In der Tat versammelten sich einige Hundert GegendemonstrantInnen in den der Plaza Porras benachbarten Straßen, um gegen den Besuch Bushs zu protestieren. Die verschiedenen panamaischen Polizeistellen und Bushs Bodyguards hatten um den Platz herum, der nur über drei kontrollierte Zugänge zu betreten war, massiv Stellung bezogen. Jedoch erst als die GegendemonstrantInnen dem Platz sehr nahe kamen, griff die Polizei ein – mit Tränengas. Der Tränengaseinsatz erfolgte somit praktisch auf dem Platz selbst, und die Windverhältnisse taten ein Übriges dazu, alle Personen auf dem Platz, unabhängig von politischer Überzeugung und Nationalität, mit Schwaden zu überziehen. Bürgermeisterin Correa begann gerade die ersten Sätze vom warmen Empfang des Präsidenten von sich zu geben, da begannen die Ersten schon, sich die Augen zu reiben. Auch das Publikum wurde unruhig, Panik kam auf. Brüsk brach die Bürgermeisterin ihre Rede ab, und unter gezogenen Waffen ihres Sicherheitstrupps zogen die tränenden Bushs in gepanzerten Limousinen von dannen – des Präsidenten Rede, mit der er die Panameñas/os zu Demokratie und Aufschwung beglückwünschen wollte, blieb ungehalten. Zum Ausgleich ließ er sich dann in der US-Basis Albrook von seinen Landsleuten bejubeln.
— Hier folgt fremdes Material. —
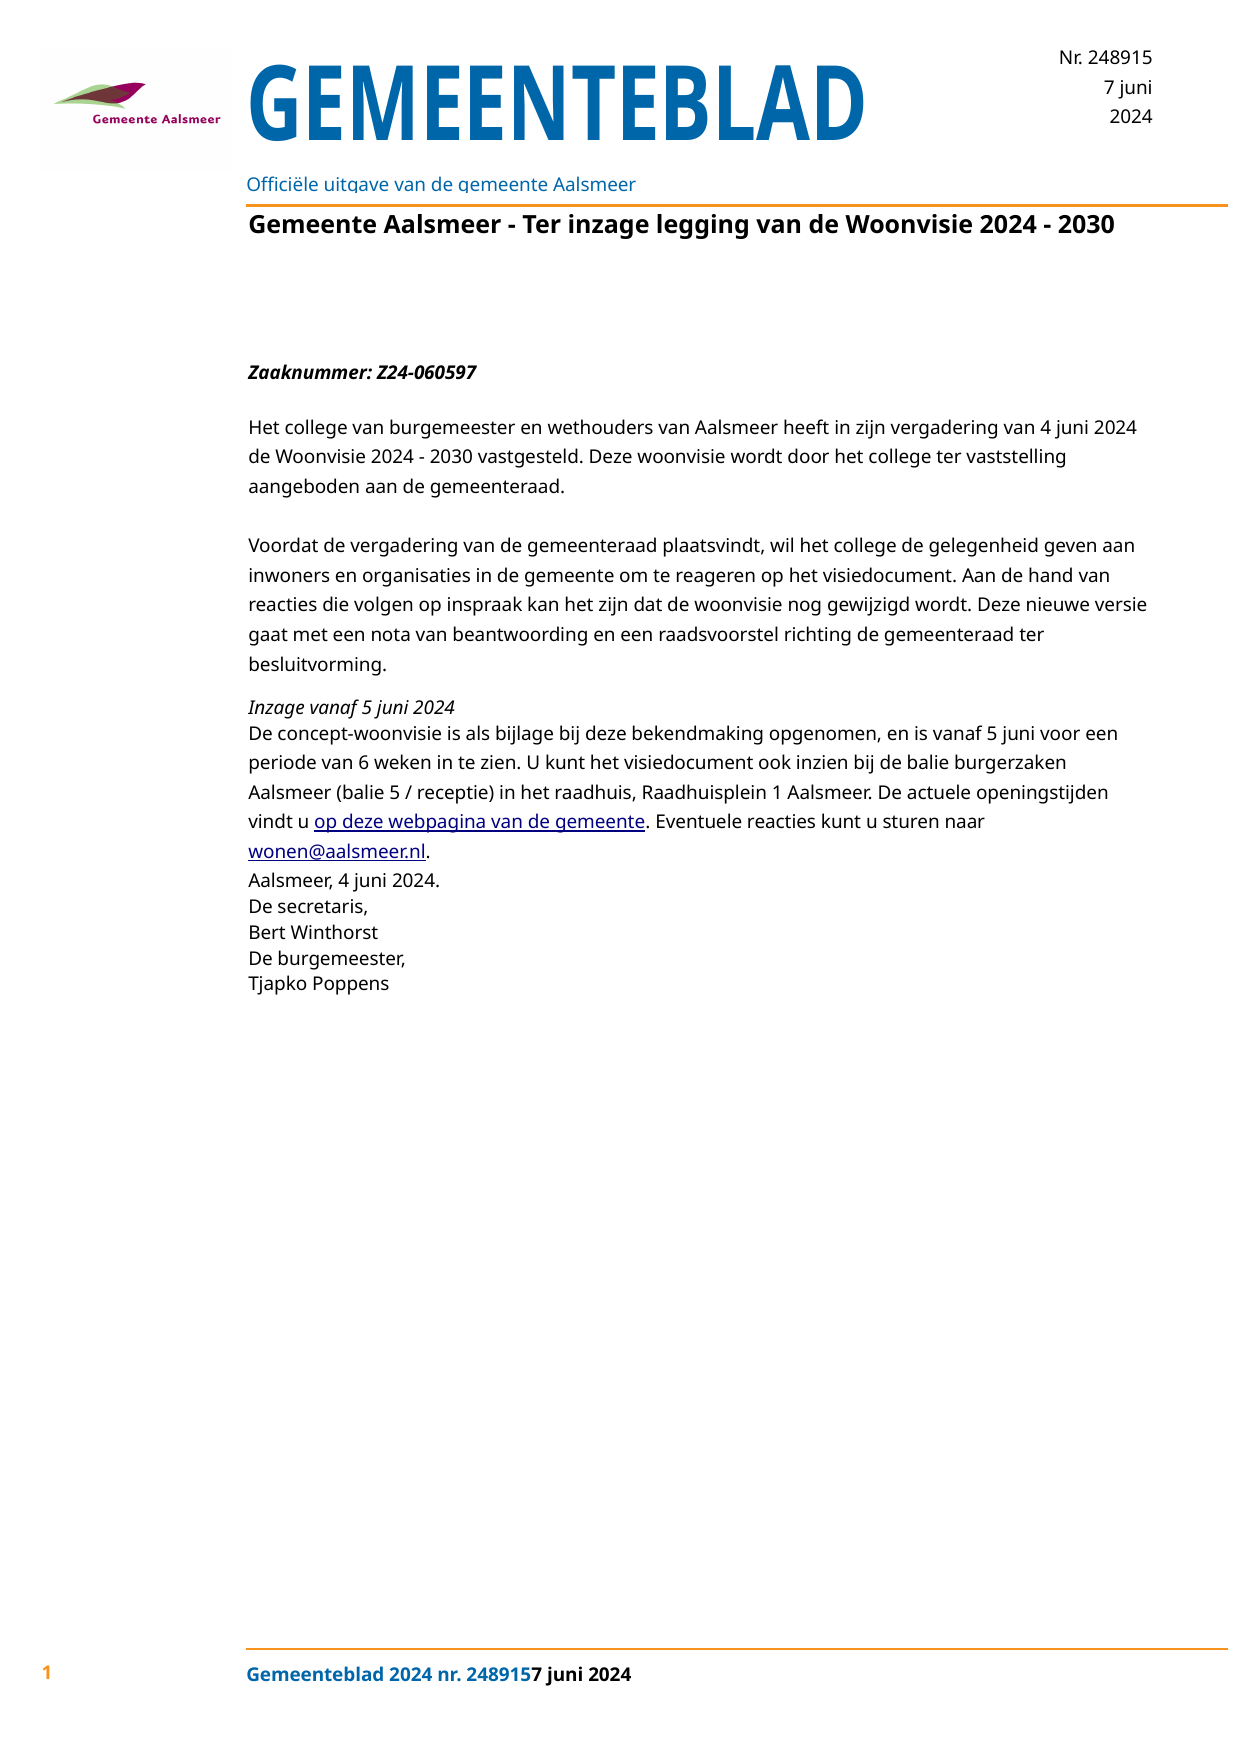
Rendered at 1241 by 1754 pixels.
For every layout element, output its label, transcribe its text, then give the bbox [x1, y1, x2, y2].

Die späte Rache des Generals?

Die offizielle Einschätzung auf US- und panamaischer Seite war eindeutig: Die Randale von kleinen Gruppen von Linken und AnhängerInnen Noriegas könne nicht die Freundschaft und den Zusammenhalt der Völker beeinträchtigen. Die Panameñas/os fragen sich allerdings zugleich, wie es zum Eklat auf der Plaza Porras kommen konnte: War es einfach ungeschicktes Verhalten der Polizei, war es der Wind, der Bush präventiv für sein Verhalten in Rio bestrafte, oder haben die PolizistInnen, die mehrheitlich aus Noriegas Fuerzas de Defensa (Verteidigungskräfte) stammen, gezielt die öffentliche Veranstaltung des Befehlshabers der Invasion gestört? Es werden – wie üblich – Konsequenzen gefordert, Köpfe sollen rollen. Es besteht nur noch keine Klarheit darüber, welche. Bushs Punktesammeln in Panama, zu dem ihm seine WahlmanagerInnen geraten, vor dem seine Sicherheitsleute jedoch gewarnt hatten, endete jedenfalls in Tränen. In den Meinungsumfragen wird der Ausgang der Veranstaltung auf den Plaza de Porras breit verurteilt; aber bei vielen Panameños/as ist ein bißchen Genugtuung zu spüren. Wie gesagt, ein ambivalentes Verhältnis.